Dengan posisi tengkurap di atas sofa, mengenakan kaos oversize dan celana pendek warna krim, Erin mengamati Cutie yang sedang asik menyantap makanannya di bawah-di samping sofa. Beberapa kali dia mengelus gemas pucuk kepala kucing berbulu hitam pekat itu.
"Makan yang banyak, ya, Cutie sayang," ujar Erin dengan nada yang dibuat imut.
Siapa sangka, Erin yang terkesan tegas dan cuek bisa memiliki sisi gemas saat berada di rumah, terlebih saat sedang bersama Cutie.

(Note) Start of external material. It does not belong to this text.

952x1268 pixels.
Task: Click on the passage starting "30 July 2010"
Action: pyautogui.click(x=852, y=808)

Lingga yang sedang berada di dapur tersenyum simpul, mengamati sepupunya yang berada di ruang keluarga. Ruangan yang terhubung langsung dengan dapur. Seperti melihat Erin yang manja saat masih kecil dulu, yang kerap merengek pada Lingga jika kebetulan diganggu teman-temannya.
"Ekhem." Rini berdehem, sedikit mendelik ke arah Lingga yang fokus melihat Erin. Tangan kanan cowok itu memegang pisau, hendak mengupas bawang yang tergolek di atas talenan.

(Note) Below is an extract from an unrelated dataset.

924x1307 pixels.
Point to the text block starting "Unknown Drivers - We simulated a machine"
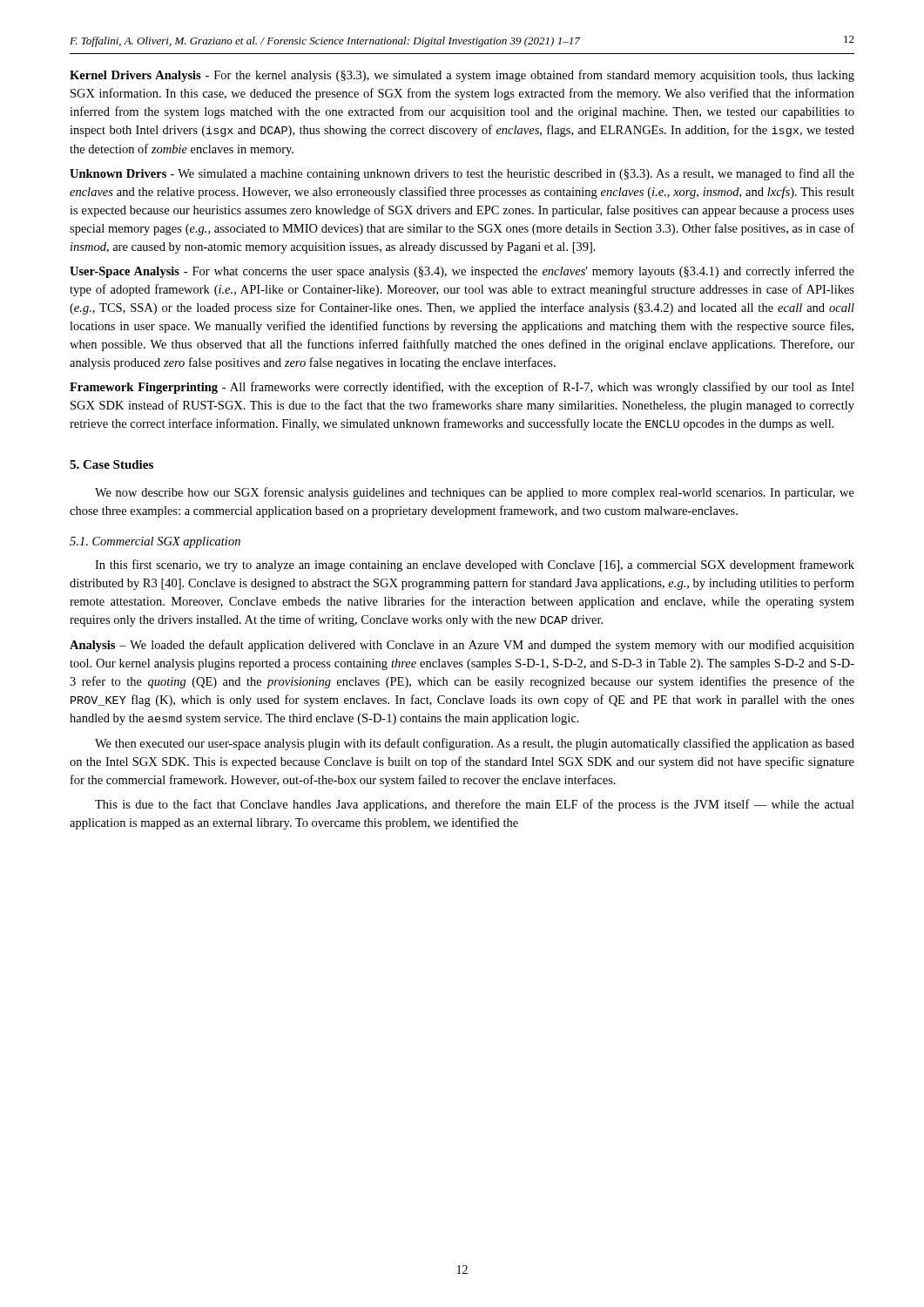[x=462, y=210]

"Eh, iya, Tan." Lingga terperanjat, pisau di tangannya nyaris terjatuh.
"Tadi sampai mana?""Baru sampai-kamu yang tiba-tiba bengong ngeliatin Erin sambil senyum-senyum," goda Rini membuat Lingga seketika gelagapan.
"Enggak, Tan, eng-enggak, kok. Siapa yang senyum-senyum," kilah Lingga.

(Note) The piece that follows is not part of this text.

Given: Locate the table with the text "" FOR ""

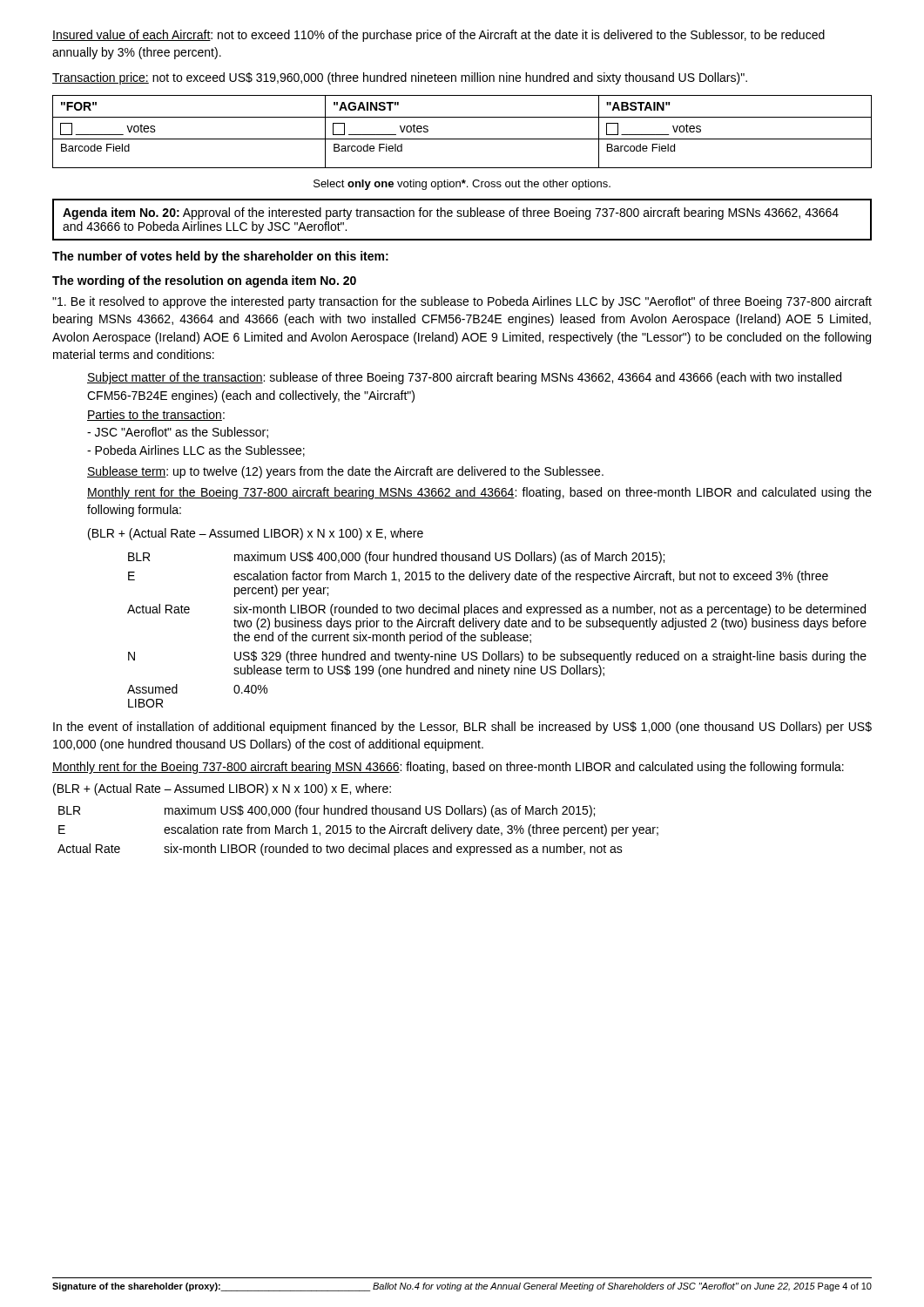Looking at the screenshot, I should (462, 132).

"Pesona gue emang nggak ada duanya, Ngga." Mendengar percakapan mamanya bersama Lingga, dengan kepercayaan diri yang dimiliki, Erin menyahut. Kemudian mengubah posisinya, menopang dagu dengan kedua tangan dan mengerlingkan matanya. Membuat Lingga bergidik, dia harus memutar otak untuk segera berdalih.
"Siapa juga yang liat lo, orang gue lagi liatin Cutie, kok. Tu-tu." Lingga melebar-lebarkan matanya mengarah pada Cutie, tangannya masih memegang pisau dan juga bawang merah.
"Ya ... ya ...." Erin memutar bola matanya ke atas.
"Udah udah, bertengkar melulu, lama-lama mama jodoh-in juga kalian." Rini menyela sebelum perdebatan keduanya semakin menjalar, dia lantas melipat kedua lengannya di depan dada, sambil menggeleng-geleng tidak habis pikir.
"Dih, ogah banget, Ma."
"Ow ow, jangan dong, Tante." Lingga menggoyangkan telunjuknya. "Kan aku lagi memperjuangkan cinta aku pada seseorang, Tan. Aku yakin, challenge kali ini aku pasti menang," lanjutnya bergairah dengan senyum sumringah.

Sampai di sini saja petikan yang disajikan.